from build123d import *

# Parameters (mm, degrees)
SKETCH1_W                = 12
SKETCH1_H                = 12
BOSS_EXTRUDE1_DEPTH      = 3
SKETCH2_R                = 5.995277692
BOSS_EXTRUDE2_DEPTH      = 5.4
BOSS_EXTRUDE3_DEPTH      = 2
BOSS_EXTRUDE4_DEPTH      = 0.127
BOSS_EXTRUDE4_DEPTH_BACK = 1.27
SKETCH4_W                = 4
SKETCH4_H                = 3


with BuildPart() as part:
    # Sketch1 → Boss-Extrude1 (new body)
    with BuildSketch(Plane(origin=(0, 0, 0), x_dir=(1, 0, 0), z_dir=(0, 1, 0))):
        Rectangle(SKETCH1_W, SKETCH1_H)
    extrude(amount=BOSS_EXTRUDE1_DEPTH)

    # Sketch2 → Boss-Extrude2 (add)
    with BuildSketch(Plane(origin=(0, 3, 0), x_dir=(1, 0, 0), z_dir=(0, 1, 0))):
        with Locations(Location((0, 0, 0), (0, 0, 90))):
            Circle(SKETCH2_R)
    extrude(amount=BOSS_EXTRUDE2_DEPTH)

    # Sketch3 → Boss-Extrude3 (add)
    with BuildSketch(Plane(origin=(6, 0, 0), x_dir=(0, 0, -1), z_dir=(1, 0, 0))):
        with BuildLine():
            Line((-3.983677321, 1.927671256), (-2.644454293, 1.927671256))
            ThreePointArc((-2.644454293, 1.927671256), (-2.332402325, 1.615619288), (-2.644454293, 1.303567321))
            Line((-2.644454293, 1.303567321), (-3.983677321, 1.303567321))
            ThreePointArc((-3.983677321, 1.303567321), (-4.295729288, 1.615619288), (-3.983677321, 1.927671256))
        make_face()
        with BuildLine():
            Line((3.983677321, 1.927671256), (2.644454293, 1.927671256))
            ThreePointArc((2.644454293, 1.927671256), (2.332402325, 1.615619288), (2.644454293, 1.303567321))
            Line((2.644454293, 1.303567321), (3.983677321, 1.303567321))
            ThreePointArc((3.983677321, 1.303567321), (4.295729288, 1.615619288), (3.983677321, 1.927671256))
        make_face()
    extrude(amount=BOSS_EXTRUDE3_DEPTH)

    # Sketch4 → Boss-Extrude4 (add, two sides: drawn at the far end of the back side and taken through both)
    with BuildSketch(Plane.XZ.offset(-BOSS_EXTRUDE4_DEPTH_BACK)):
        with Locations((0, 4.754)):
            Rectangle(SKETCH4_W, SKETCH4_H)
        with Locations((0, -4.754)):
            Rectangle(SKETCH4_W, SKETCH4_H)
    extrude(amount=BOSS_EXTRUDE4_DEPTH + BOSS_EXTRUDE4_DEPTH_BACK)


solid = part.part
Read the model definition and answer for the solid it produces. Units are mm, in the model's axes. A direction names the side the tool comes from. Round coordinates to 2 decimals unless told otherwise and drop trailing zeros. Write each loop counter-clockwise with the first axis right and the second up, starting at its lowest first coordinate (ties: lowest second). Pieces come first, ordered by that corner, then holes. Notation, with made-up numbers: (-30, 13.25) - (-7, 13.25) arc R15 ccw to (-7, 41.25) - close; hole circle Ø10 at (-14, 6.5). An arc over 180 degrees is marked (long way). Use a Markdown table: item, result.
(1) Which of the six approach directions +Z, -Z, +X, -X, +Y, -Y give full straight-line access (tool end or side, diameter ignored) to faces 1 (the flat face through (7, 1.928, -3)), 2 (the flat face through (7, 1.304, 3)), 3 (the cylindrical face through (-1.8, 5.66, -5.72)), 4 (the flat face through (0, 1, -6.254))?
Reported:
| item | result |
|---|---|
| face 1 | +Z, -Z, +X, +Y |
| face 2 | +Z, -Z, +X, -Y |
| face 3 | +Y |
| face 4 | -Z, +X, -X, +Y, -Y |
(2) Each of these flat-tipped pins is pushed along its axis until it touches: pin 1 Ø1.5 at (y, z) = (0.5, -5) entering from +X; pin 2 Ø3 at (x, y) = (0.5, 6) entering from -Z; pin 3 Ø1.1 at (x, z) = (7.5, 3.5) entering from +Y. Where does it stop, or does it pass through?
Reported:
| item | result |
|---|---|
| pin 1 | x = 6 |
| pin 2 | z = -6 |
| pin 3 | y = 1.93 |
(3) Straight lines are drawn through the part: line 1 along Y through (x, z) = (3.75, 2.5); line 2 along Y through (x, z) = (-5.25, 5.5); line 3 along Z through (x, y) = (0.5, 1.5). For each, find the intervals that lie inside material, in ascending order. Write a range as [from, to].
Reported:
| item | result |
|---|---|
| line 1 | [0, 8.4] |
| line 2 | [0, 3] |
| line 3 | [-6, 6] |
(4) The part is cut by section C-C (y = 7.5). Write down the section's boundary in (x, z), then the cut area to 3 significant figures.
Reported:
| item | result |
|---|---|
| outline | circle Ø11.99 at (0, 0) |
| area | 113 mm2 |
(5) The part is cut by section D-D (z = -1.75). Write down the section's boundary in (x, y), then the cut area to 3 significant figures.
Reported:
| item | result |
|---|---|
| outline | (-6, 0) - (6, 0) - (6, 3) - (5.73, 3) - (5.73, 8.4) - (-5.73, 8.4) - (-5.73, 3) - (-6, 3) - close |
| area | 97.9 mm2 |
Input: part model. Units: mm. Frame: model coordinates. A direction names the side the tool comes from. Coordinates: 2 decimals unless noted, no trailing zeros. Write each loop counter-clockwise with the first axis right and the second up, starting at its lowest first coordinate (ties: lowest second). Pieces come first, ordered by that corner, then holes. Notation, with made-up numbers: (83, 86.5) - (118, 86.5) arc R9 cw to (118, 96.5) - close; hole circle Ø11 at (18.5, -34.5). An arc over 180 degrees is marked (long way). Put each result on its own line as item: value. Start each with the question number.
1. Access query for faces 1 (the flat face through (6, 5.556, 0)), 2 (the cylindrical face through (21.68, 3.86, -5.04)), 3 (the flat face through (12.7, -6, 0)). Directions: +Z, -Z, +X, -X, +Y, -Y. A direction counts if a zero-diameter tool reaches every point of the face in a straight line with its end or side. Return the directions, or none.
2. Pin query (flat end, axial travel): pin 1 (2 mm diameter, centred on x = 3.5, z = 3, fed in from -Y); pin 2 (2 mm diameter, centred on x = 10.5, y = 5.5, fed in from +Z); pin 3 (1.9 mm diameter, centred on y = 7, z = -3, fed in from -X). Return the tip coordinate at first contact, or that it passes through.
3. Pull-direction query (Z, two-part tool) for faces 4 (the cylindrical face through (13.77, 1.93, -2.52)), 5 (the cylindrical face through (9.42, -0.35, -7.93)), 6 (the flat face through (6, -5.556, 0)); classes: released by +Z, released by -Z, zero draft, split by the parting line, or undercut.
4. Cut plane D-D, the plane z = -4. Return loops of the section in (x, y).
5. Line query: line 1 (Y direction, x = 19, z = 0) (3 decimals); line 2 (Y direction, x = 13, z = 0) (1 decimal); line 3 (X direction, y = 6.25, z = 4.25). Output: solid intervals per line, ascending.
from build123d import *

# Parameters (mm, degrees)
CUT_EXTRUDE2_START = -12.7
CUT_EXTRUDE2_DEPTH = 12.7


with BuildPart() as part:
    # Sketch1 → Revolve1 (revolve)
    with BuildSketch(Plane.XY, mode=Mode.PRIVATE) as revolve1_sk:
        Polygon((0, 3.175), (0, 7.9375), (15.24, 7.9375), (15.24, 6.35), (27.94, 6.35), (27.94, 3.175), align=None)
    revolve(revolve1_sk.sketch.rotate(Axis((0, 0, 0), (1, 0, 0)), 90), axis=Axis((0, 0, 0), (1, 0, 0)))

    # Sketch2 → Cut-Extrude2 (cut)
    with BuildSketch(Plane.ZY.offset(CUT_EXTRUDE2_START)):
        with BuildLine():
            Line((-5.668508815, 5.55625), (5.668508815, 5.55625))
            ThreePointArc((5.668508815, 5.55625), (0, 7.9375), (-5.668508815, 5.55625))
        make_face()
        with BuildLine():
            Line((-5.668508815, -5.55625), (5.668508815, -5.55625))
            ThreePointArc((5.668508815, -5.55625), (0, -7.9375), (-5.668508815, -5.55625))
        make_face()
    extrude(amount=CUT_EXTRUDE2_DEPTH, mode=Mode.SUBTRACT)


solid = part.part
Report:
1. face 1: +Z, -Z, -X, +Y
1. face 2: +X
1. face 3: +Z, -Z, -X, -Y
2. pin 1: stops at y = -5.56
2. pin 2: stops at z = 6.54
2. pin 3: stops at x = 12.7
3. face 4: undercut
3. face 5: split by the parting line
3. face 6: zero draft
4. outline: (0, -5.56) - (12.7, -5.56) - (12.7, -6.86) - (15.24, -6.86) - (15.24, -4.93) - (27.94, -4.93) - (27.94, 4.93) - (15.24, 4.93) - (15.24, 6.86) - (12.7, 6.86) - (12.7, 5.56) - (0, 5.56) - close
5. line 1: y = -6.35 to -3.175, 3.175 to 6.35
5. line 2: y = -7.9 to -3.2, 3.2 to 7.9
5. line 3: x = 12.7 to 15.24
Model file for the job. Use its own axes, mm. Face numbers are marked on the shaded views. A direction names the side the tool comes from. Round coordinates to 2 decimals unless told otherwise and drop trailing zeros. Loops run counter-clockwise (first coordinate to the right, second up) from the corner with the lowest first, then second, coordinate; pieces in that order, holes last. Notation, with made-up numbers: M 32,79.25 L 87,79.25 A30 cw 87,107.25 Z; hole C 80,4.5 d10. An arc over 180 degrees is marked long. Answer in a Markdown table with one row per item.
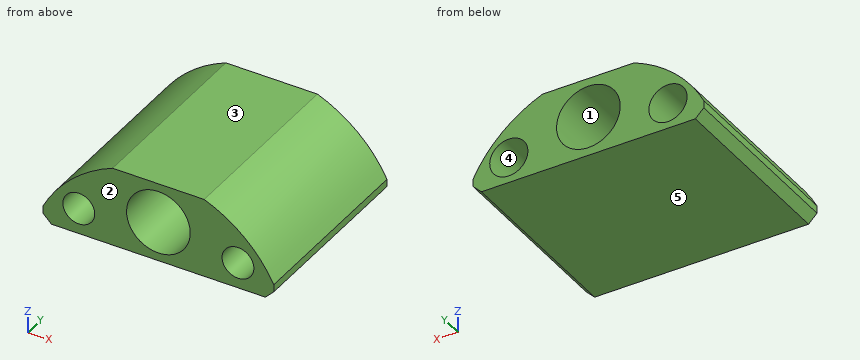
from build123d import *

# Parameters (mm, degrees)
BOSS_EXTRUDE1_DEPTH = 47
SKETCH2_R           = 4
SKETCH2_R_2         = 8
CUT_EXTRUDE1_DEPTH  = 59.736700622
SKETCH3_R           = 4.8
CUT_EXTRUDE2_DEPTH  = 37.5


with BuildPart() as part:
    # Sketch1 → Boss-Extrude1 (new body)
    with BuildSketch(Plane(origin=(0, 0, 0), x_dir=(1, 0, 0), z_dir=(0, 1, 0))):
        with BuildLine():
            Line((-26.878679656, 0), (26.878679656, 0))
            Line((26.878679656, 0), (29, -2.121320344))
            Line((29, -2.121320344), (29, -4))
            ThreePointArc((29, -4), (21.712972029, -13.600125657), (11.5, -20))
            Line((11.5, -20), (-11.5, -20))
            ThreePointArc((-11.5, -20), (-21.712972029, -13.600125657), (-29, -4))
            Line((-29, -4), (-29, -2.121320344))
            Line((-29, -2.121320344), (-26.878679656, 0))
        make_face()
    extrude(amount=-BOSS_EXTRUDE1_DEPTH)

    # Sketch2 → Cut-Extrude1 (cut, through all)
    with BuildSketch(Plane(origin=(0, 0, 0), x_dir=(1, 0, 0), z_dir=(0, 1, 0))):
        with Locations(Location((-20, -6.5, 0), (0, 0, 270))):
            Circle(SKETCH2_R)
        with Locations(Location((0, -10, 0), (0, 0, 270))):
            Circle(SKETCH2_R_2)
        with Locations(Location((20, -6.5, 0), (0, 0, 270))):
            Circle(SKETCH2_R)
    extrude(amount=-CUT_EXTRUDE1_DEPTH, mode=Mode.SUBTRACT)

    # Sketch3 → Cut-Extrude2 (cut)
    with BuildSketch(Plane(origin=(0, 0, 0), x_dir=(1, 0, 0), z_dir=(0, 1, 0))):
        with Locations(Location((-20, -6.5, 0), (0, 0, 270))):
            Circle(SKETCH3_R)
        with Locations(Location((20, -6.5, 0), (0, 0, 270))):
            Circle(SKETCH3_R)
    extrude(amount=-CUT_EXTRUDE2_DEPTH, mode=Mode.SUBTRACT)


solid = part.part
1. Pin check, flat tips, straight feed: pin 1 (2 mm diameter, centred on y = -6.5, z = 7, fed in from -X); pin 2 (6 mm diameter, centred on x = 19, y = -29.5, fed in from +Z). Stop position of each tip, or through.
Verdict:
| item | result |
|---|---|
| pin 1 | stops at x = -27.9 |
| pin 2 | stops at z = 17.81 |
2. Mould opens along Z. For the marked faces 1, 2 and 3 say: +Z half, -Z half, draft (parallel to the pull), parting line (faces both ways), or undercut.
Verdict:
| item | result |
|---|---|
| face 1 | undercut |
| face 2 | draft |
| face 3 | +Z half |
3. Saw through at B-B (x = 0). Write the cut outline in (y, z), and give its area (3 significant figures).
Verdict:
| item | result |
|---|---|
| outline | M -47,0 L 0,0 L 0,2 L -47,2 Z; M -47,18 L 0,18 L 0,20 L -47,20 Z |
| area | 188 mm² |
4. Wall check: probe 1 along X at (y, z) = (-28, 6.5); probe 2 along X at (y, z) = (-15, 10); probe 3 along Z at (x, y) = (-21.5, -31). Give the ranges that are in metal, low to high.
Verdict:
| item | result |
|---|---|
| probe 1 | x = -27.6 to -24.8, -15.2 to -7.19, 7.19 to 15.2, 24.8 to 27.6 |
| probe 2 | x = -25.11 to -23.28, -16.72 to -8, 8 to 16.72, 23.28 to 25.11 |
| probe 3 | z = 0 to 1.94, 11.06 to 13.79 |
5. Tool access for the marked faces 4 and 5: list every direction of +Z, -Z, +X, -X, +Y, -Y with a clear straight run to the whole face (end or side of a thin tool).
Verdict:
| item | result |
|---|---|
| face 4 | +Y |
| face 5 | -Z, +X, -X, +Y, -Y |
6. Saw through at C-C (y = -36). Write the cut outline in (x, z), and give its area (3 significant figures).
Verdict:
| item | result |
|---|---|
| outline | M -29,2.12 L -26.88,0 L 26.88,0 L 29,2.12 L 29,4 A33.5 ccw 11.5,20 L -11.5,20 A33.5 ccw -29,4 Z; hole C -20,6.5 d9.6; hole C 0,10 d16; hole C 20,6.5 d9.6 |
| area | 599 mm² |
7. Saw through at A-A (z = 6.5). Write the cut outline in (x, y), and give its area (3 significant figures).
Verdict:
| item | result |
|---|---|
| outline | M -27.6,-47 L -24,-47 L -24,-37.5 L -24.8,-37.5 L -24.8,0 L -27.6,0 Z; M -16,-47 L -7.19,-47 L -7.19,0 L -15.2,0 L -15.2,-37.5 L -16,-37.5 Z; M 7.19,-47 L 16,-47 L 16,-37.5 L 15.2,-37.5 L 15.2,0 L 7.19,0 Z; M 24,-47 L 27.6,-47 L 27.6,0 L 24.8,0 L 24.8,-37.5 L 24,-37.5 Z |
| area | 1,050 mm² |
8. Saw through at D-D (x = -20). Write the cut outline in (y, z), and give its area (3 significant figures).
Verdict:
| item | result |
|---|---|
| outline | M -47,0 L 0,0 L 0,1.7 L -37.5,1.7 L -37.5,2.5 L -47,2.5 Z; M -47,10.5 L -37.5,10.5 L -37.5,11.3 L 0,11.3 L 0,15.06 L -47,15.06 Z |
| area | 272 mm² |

==========

## Exercise
From the listing above, return the lines starting at the one with "Line((-5.668508815, 5.55625), (5.668508815, 5.55625))" and ending at the one with "Line((-5.668508815, -5.55625), (5.668508815, -5.55625))", both kept, exactly as they appear and nothing more.

## Response for this exercise
            Line((-5.668508815, 5.55625), (5.668508815, 5.55625))
            ThreePointArc((5.668508815, 5.55625), (0, 7.9375), (-5.668508815, 5.55625))
        make_face()
        with BuildLine():
            Line((-5.668508815, -5.55625), (5.668508815, -5.55625))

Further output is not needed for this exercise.